Au départ, je me demandais ce que pouvait bien être ce bruit. Pétronille m’a dit que c’était des montgolfières, Wahouuuu ! J’ai alors sauté de mon lit pour aller voir, et là j’ai vu des ballons multicolores qui se gonflaient. Des énormes montgolfières décollaient et je pouvais les regarder de mon lit, le rêve ! Je me suis dit que c’était la première fois que je voyais ça dans ma vie, et je n’aurais pas cru le voir. L’une d’elle est passée au ras de la tente, ça m’a fait un peu peur mais j’ai trouvé ça drôle.
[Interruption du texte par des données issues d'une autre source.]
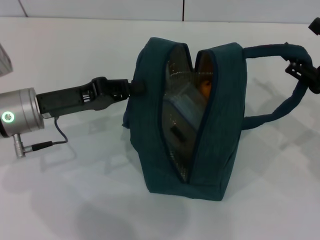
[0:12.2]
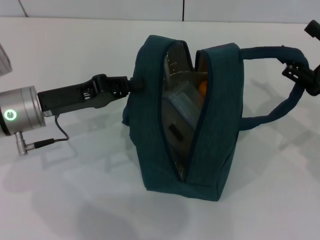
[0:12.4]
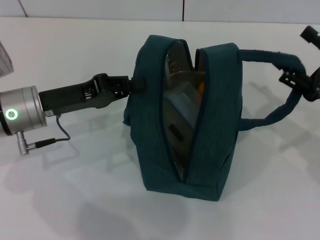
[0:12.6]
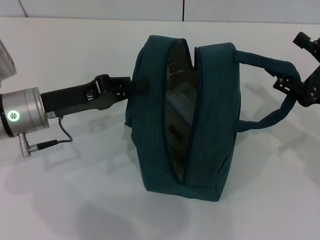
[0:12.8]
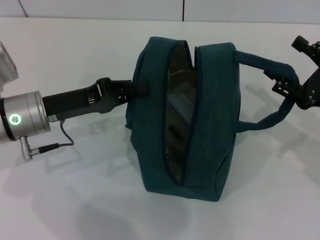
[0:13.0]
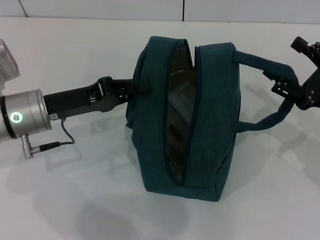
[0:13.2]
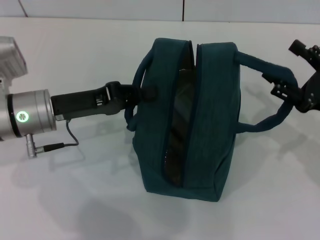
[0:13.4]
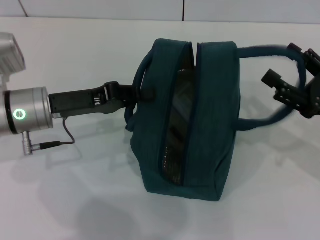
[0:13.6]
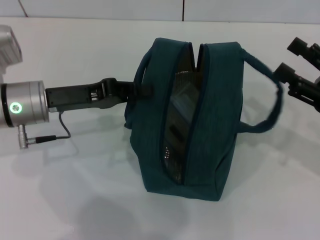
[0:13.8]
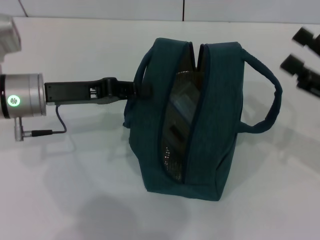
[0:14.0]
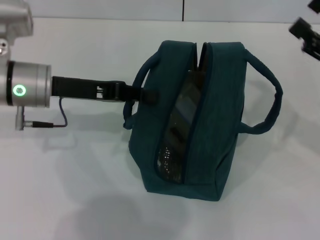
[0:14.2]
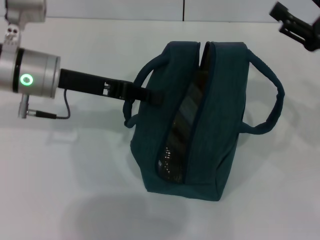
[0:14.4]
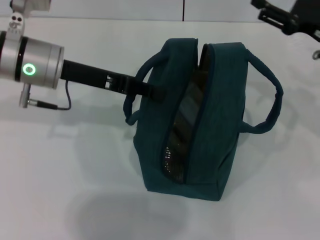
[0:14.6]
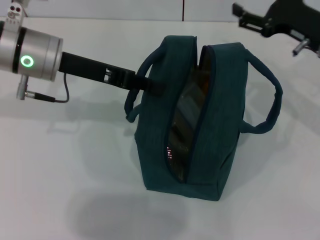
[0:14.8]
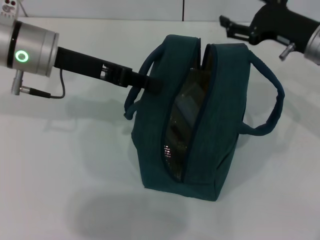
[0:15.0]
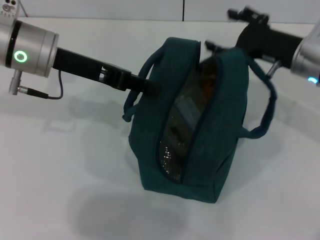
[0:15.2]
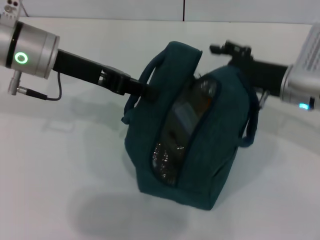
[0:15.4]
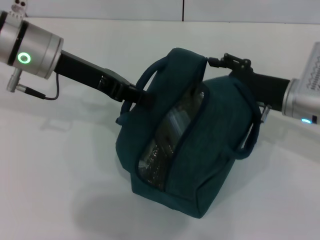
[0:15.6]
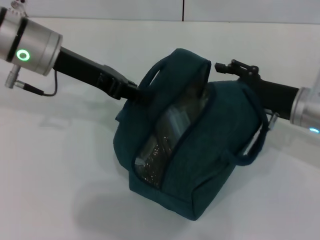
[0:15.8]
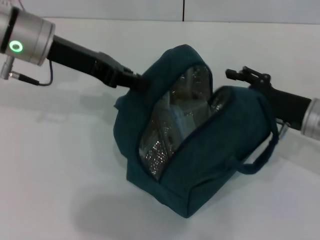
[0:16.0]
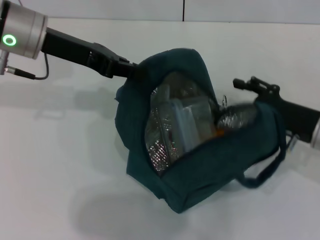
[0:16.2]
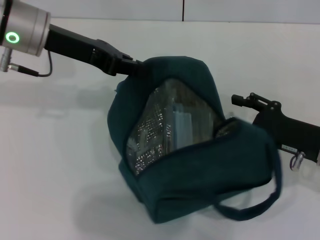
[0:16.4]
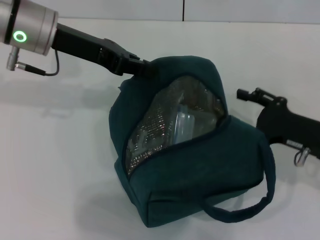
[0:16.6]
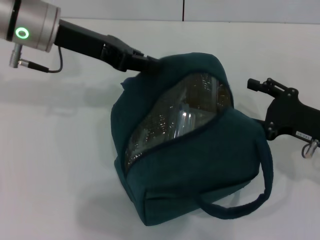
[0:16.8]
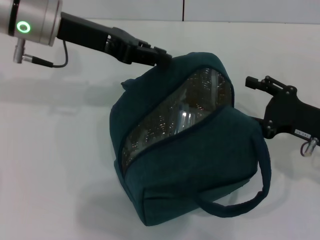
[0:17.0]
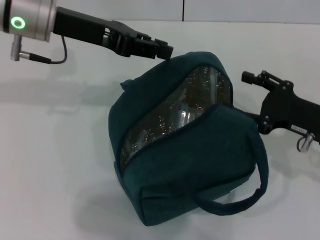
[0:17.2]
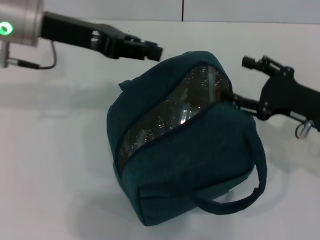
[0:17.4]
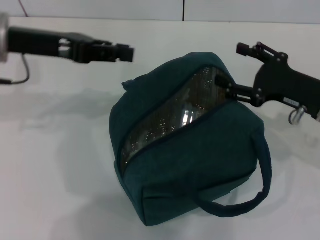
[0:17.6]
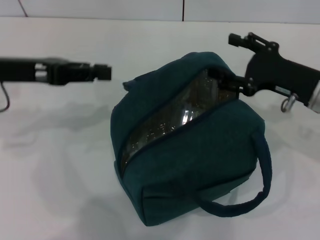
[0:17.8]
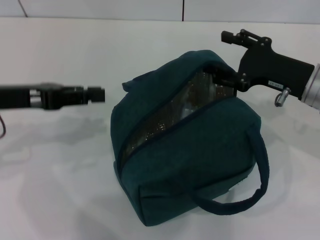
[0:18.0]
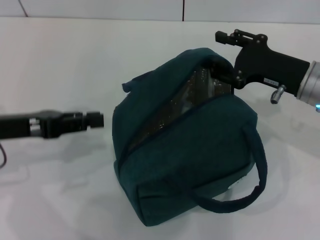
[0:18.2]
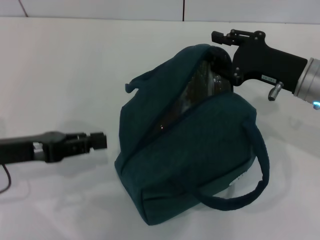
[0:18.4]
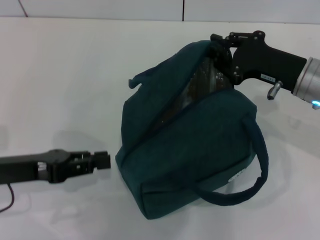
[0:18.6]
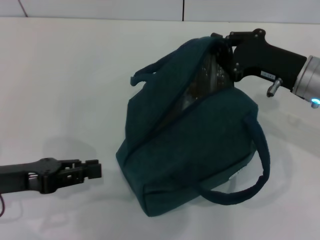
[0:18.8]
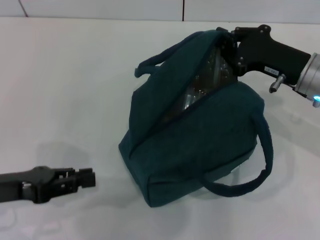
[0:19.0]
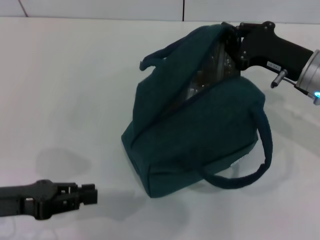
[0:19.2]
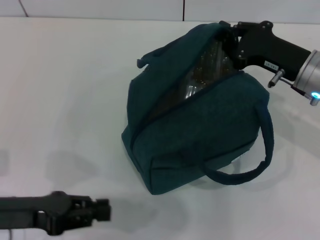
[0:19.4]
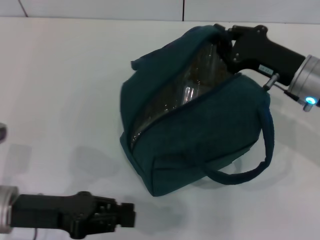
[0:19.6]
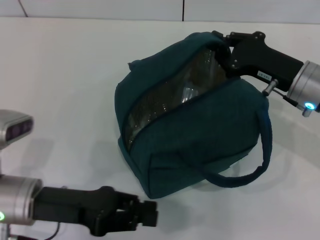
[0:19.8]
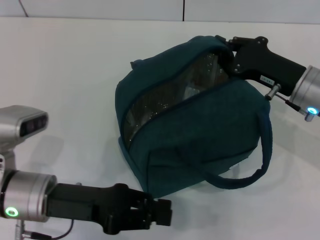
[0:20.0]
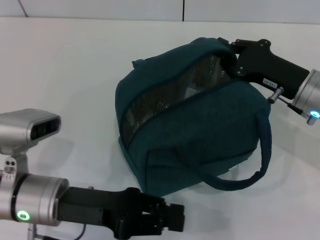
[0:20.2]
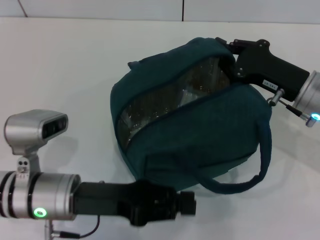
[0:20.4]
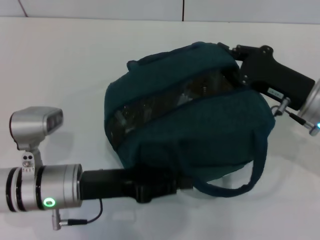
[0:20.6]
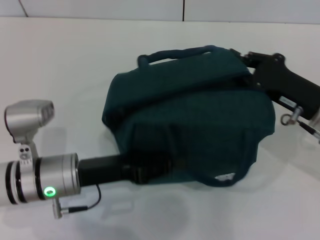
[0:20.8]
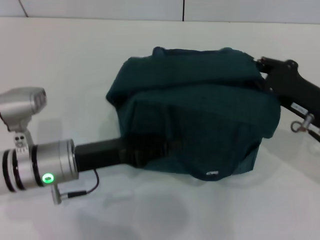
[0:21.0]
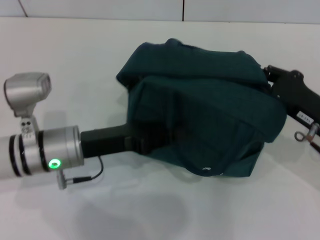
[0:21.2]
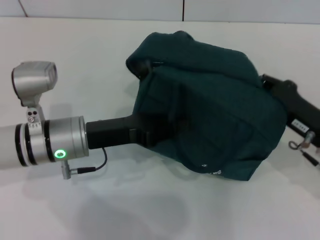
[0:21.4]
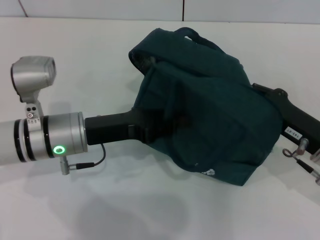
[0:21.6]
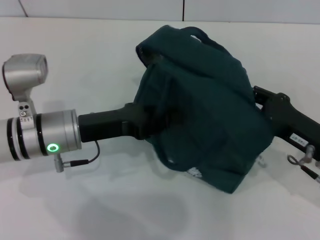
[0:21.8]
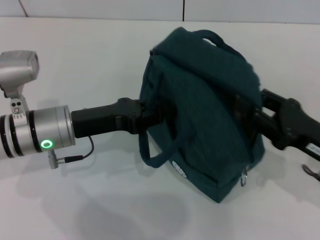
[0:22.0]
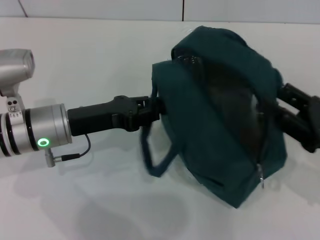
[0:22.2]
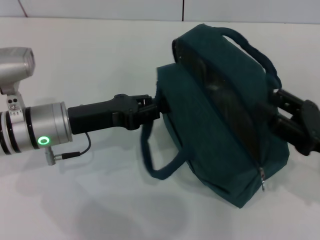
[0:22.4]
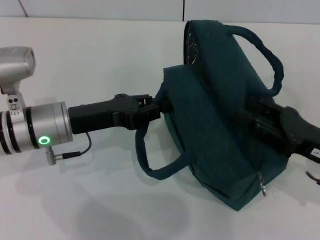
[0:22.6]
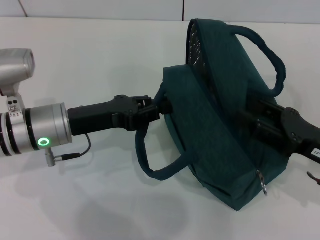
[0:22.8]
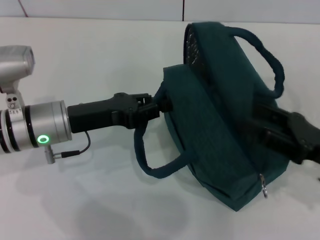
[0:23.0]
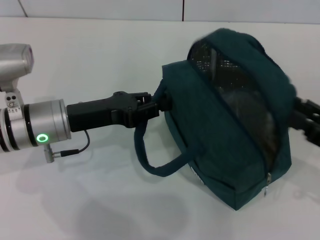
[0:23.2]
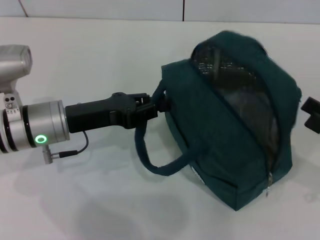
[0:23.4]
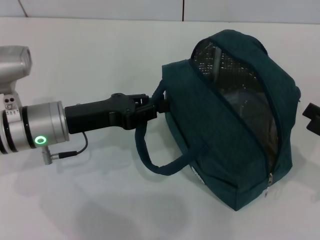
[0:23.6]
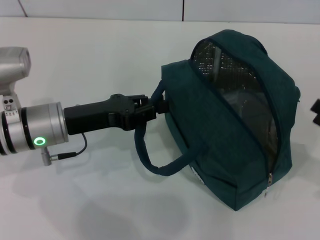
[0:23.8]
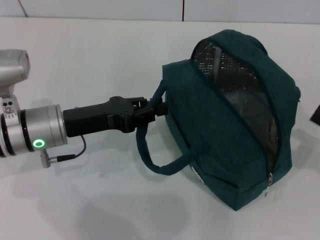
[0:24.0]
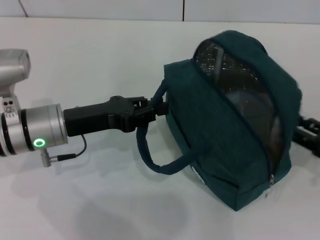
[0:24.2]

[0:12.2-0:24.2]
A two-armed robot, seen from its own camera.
0:13.8 to 0:15.2: The left gripper heads upward and forward, covering approximately 10 cm. Meanwhile the right gripper goes approximately 15 cm forward and to the left.
0:15.2 to 0:16.6: The right gripper is displaced backward by about 10 cm.
0:16.6 to 0:18.2: The left gripper moves backward, to the left and downward, about 15 cm. Meanwhile the right gripper shifts some 5 cm forward.
0:18.2 to 0:19.8: The left gripper travels downward, to the right and backward by some 10 cm, while the right gripper closes.
0:19.8 to 0:21.2: The left gripper moves forward, some 5 cm. Meanwhile the right gripper heads backward, covering approximately 5 cm.
0:21.2 to 0:22.6: The right gripper opens up.
0:22.6 to 0:24.2: The right gripper moves to the right, about 10 cm.

Après un bon petit-déjeuner, nous voici de nouveau sur la route. Nous voulons rejoindre Erzurum, située au Nord-Est du pays, proche de la frontière iranienne, afin de faire la demande de nos visas auprès du consulat iranien. En arrivant sur place, nous n’avons pas encore reçu notre numéro d’autorisation (demandé auprès d’une agence agréée) pour pouvoir solliciter nos visas. Pour patienter, et vu que la météo dans la région est plutôt mauvaise, nous décidons de prendre la route du Sud, près du lac de Van, plus grand lac salé de Turquie.